Images excepted, the data below must be repeated exactly.

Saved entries
_____

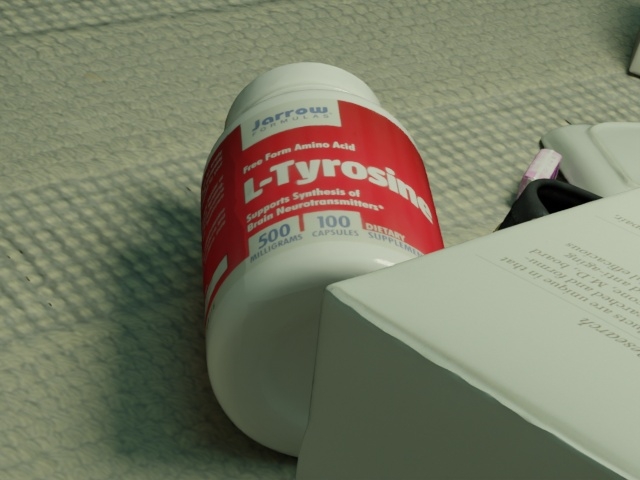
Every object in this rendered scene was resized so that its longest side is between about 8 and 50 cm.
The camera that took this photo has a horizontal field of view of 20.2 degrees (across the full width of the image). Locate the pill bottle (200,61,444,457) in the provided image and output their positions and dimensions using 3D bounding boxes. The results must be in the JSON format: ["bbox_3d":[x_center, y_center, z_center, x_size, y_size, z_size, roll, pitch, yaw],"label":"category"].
[{"bbox_3d":[0.000,0.000,1.717,0.229,0.229,0.408,8,32,-11],"label":"pill bottle"}]

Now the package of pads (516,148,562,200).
[{"bbox_3d":[0.253,-0.068,2.093,0.032,0.050,0.083,22,33,11],"label":"package of pads"}]

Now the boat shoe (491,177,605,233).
[{"bbox_3d":[0.403,0.074,1.841,0.500,0.156,0.187,22,31,8],"label":"boat shoe"}]

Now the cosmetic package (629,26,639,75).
[{"bbox_3d":[0.626,-0.278,2.438,0.365,0.197,0.155,20,31,4],"label":"cosmetic package"}]

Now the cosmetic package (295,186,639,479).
[{"bbox_3d":[0.228,0.193,1.378,0.393,0.329,0.327,-17,35,-40],"label":"cosmetic package"}]

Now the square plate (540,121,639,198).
[{"bbox_3d":[0.461,-0.072,2.097,0.347,0.049,0.344,2,21,-7],"label":"square plate"}]

_____

- Output for this exercise
Every object in this rendered scene was resized so that its longest side is between about 8 and 50 cm.
The camera that took this photo has a horizontal field of view of 20.2 degrees (across the full width of the image). Locate the pill bottle (200,61,444,457) in the provided image and output their positions and dimensions using 3D bounding boxes. The results must be in the JSON format: ["bbox_3d":[x_center, y_center, z_center, x_size, y_size, z_size, roll, pitch, yaw],"label":"category"].
[{"bbox_3d":[0.000,0.000,1.717,0.229,0.229,0.408,8,32,-11],"label":"pill bottle"}]

Now the package of pads (516,148,562,200).
[{"bbox_3d":[0.253,-0.068,2.093,0.032,0.050,0.083,22,33,11],"label":"package of pads"}]

Now the boat shoe (491,177,605,233).
[{"bbox_3d":[0.403,0.074,1.841,0.500,0.156,0.187,22,31,8],"label":"boat shoe"}]

Now the cosmetic package (629,26,639,75).
[{"bbox_3d":[0.626,-0.278,2.438,0.365,0.197,0.155,20,31,4],"label":"cosmetic package"}]

Now the cosmetic package (295,186,639,479).
[{"bbox_3d":[0.228,0.193,1.378,0.393,0.329,0.327,-17,35,-40],"label":"cosmetic package"}]

Now the square plate (540,121,639,198).
[{"bbox_3d":[0.461,-0.072,2.097,0.347,0.049,0.344,2,21,-7],"label":"square plate"}]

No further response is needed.